**** STORED DATA ****

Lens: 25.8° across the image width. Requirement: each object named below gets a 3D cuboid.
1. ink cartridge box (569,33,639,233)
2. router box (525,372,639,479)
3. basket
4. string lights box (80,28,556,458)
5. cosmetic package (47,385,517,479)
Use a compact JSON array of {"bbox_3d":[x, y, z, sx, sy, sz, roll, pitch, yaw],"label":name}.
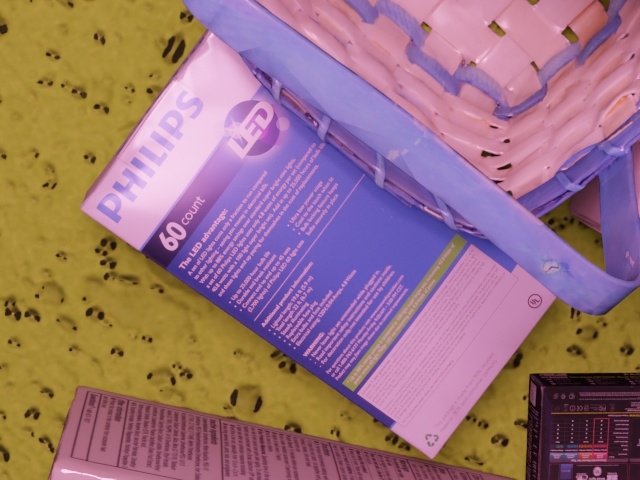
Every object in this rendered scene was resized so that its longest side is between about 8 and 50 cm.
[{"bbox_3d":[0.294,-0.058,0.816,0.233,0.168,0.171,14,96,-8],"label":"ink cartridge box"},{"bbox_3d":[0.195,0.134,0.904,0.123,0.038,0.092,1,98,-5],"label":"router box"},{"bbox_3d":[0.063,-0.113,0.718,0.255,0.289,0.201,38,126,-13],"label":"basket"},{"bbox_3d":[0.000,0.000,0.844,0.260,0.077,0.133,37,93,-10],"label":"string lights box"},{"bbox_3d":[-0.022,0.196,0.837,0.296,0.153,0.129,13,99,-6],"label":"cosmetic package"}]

****

PROBLEM: Each record is to be restated word for word; no picture goes in.

RESULT FOR THIS EXERCISE:
Lens: 25.8° across the image width. Requirement: each object named below gets a 3D cuboid.
1. ink cartridge box (569,33,639,233)
2. router box (525,372,639,479)
3. basket
4. string lights box (80,28,556,458)
5. cosmetic package (47,385,517,479)
Use a compact JSON array of {"bbox_3d":[x, y, z, sx, sy, sz, roll, pitch, yaw],"label":name}.
Every object in this rendered scene was resized so that its longest side is between about 8 and 50 cm.
[{"bbox_3d":[0.294,-0.058,0.816,0.233,0.168,0.171,14,96,-8],"label":"ink cartridge box"},{"bbox_3d":[0.195,0.134,0.904,0.123,0.038,0.092,1,98,-5],"label":"router box"},{"bbox_3d":[0.063,-0.113,0.718,0.255,0.289,0.201,38,126,-13],"label":"basket"},{"bbox_3d":[0.000,0.000,0.844,0.260,0.077,0.133,37,93,-10],"label":"string lights box"},{"bbox_3d":[-0.022,0.196,0.837,0.296,0.153,0.129,13,99,-6],"label":"cosmetic package"}]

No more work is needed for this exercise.